You can execute the same containers locally that we will use on the DrivenData platform to ensure your code will run.
Make sure you have the prerequisites installed. Then, you can run the following command within the repository to download the official image:
make pull
Once you have the container image downloaded locally, you will be able to run it to see if your inference code works. You can put your submission.zip
file in the submission
folder and run the following command (or just use the sample one that was created when you ran make pack-benchmark
above):
make test-submission
This will spin up the container, mount the local folders as drives within the folder, and follow the same steps that will run on the platform to unpack your submission and run inference against what it finds in the /inference/data
folder.
When you run make test-submission
the logs will be printed to the terminal. They will also be written to the submission
folder as log.txt
. You can always review that file and copy any versions of it that you want from the submission
folder. The errors there will help you to determine what changes you need to make so your code executes successfully.

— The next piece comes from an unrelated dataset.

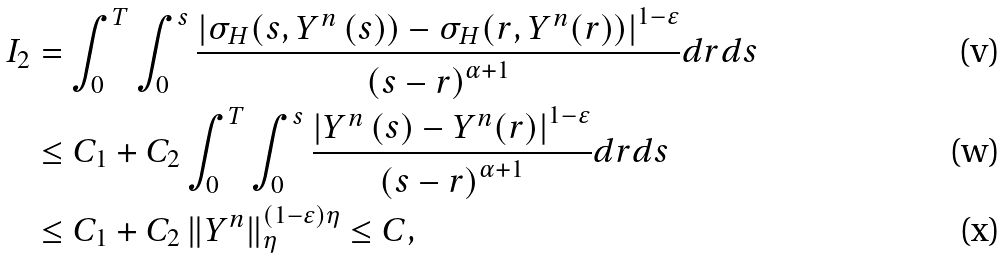Convert formula to latex. <formula><loc_0><loc_0><loc_500><loc_500>I _ { 2 } & = \int _ { 0 } ^ { T } \int _ { 0 } ^ { s } \frac { \left | \sigma _ { H } ( s , Y ^ { n } \left ( s \right ) ) - \sigma _ { H } ( r , Y ^ { n } ( r ) ) \right | ^ { 1 - \varepsilon } } { \left ( s - r \right ) ^ { \alpha + 1 } } d r d s \\ & \leq C _ { 1 } + C _ { 2 } \int _ { 0 } ^ { T } \int _ { 0 } ^ { s } \frac { \left | Y ^ { n } \left ( s \right ) - Y ^ { n } ( r ) \right | ^ { 1 - \varepsilon } } { \left ( s - r \right ) ^ { \alpha + 1 } } d r d s \\ & \leq C _ { 1 } + C _ { 2 } \left \| Y ^ { n } \right \| _ { \eta } ^ { \left ( 1 - \varepsilon \right ) \eta } \leq C ,</formula>

We accept contributions to add dependencies to the runtime environment. To do so, follow these steps:
- Fork this repository
- Make your changes
- Test them and commit using git
- Open a pull request to this repository
If you're new to the GitHub contribution workflow, check out this guide by GitHub.
We use conda to manage Python dependencies. Add your new dependencies to both runtime/py-cpu.yml
and runtime/py-gpu.yml
. Please also add your dependencies to runtime/tests/test-installs.py
, below the line ## ADD ADDITIONAL REQUIREMENTS BELOW HERE ##
.
Your new dependency should follow the format in the yml and be pinned to a particular version of the package and build with conda.
Please test your new dependency locally by recreating the relevant conda environment using the appropriate CPU or GPU .yml
file. Try activating that environment and loading your new dependency.
Once that works, you'll want to make sure it works within the container as well. To do so, you can run:
make test-container
Note: this will run make build
to create the new container image with your changes automatically, but you could also do it manually.
This will build a local version of the official container and then run the import tests to make sure the relevant libraries can all be successfully loaded. This must pass before you submit a pull request to our repo to update the requirements. If it does not, you'll want to figure out what else you need to make the dependencies happy.
If you have problems, the following command will run a bash shell in the container to let you interact with it. Make sure to activate the conda
environment (e.g., conda activate py-cpu
) when you start the container if you want to test the dependencies!
make debug-container
After making and testing your changes, commit your changes and push to your fork. Then, when viewing the repository on github.com, you will see a banner that lets you open the pull request. For more detailed instructions, check out GitHub's help page.
Once you open the pull request, Github Actions will automatically try building the Docker images with your changes and run the tests in runtime/tests
. These tests take ~30 minutes to run through, and may take longer if your build is queued behind others. You will see a section on the pull request page that shows the status of the tests and links to the logs.
You may be asked to submit revisions to your pull request if the tests fail, or if a DrivenData team member asks for revisions. Pull requests won't be merged until all tests pass and the team has reviewed and approved the changes.
Thanks for reading! Enjoy the competition, and hit up the forums if you have any questions!